ʿĀLAMĀRĀ-YE ŠĀH ESMĀʿĪL, an anonymous narrative of the life of Shah Esmāʿīl (r. 907-30/1501-24), the founder of the Safavid dynasty in Iran. The work, also published under the title ʿĀlamārā-ye Ṣafawī, takes the form of an historical romance; compiled late in the 11th/17th century (the text contains the date 1086/1675-76), it is related to a group of biographies of Shah Esmāʿīl (e.g. those listed in Storey-Bregel, nos. 709-12, 721; Storey, nos. 375-77) and is rooted in a popular, probably oral, tradition of historical narrative. The work deals with Esmāʿīl’s antecedents (pp. 1-41 of the Montaẓer-e Ṣāḥeb edition) and his life and exploits (pp. 41-626). Progressing more or less chronologically, it opens with a brief account of the first “historical” figure in Esmāʿīl’s lineage, Fīrūzšāh (or Sultan Fīrūzšāh), six generations before Shaikh Ṣafī-al-dīn (d. 735/1335), and concludes with Esmāʿīl’s death in 930/1524 (although the work itself gives no date).

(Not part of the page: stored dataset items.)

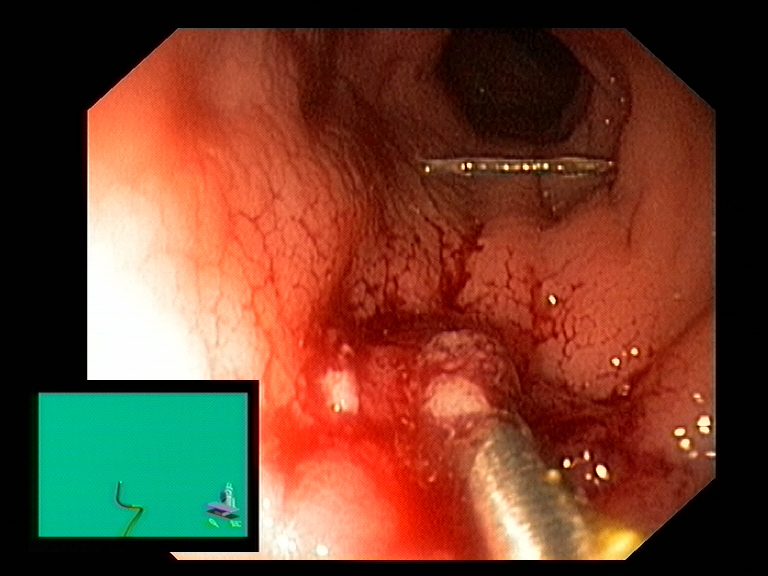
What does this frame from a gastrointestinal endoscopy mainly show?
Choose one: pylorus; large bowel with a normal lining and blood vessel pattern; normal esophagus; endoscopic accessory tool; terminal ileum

endoscopic accessory tool
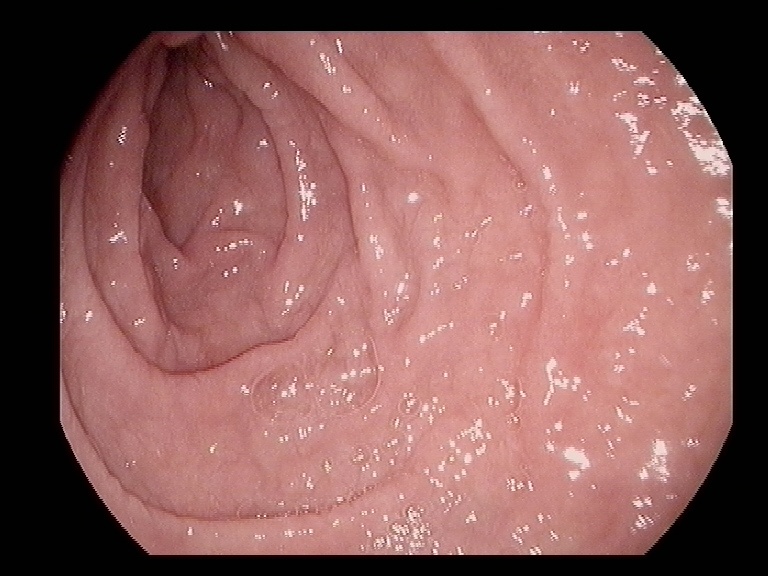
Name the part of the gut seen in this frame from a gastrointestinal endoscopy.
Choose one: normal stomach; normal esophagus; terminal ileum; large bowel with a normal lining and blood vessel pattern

terminal ileum
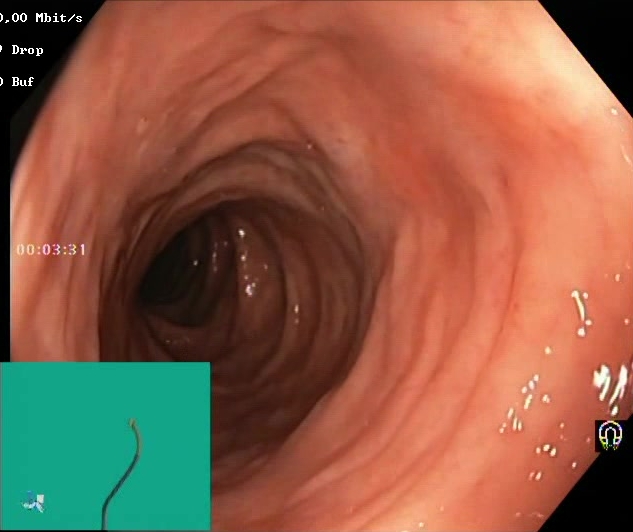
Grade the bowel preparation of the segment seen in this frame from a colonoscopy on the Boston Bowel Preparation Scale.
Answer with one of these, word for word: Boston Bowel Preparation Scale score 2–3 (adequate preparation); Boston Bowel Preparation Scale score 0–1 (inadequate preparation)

Based on certain well-known events and personages, the work carries the narrative forward with such devices as monologue and dialogue (to emphasize the resolute and agile mind of the shah) and reminiscences of earlier historical personages (to draw parallels with circumstances in which Esmāʿīl is involved).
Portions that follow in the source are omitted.